▶ Exercise details:
Identify and pull out each line of the entries in which "block" occurs.

**** Extracted data ****

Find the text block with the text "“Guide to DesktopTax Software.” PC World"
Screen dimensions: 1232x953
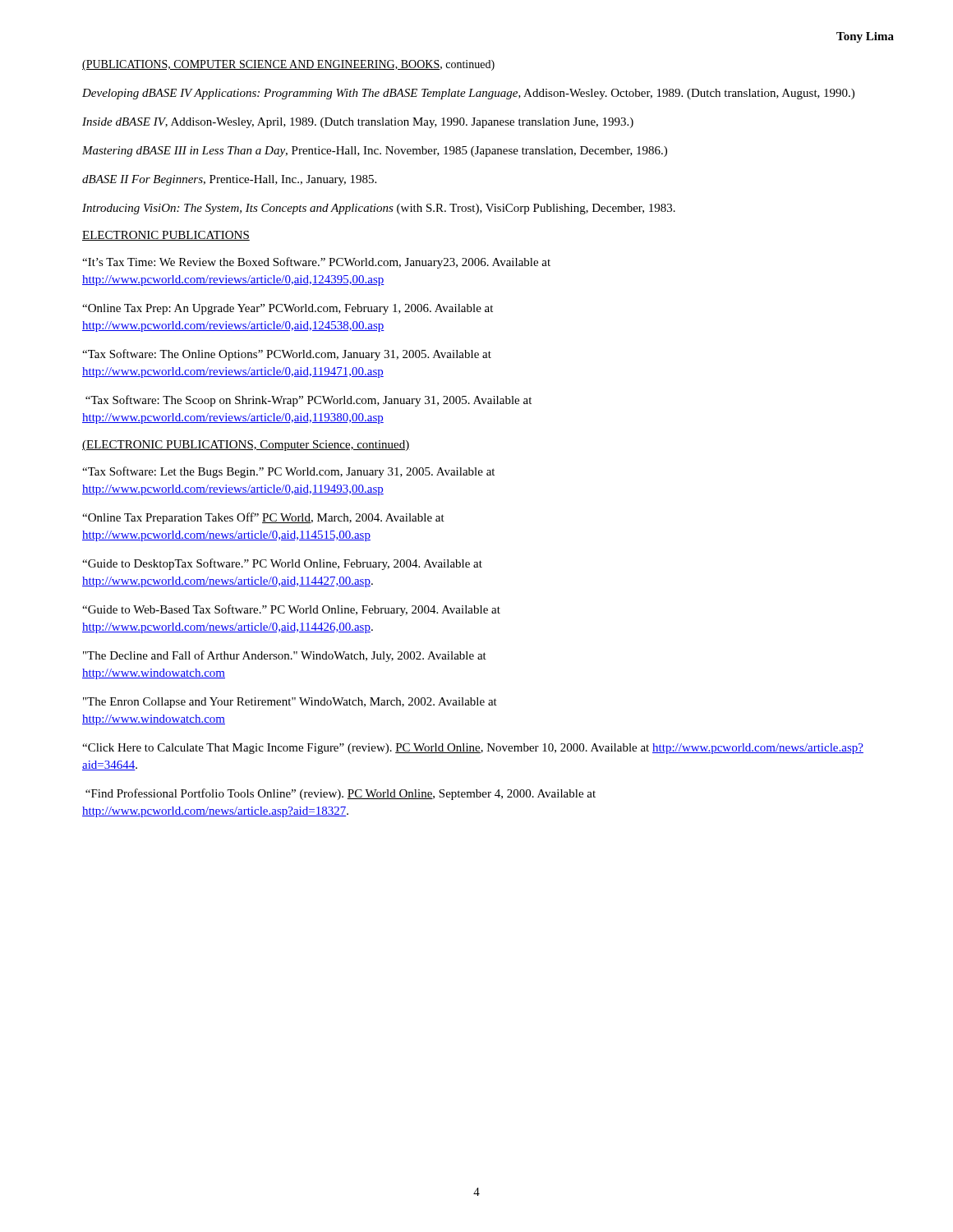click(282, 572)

****
**** Extracted data ****

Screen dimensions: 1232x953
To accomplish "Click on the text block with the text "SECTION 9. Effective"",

****

▶ The completed task:
Find the text block with the text "“Guide to DesktopTax Software.” PC World"
To accomplish "Click on the text block with the text "SECTION 9. Effective"",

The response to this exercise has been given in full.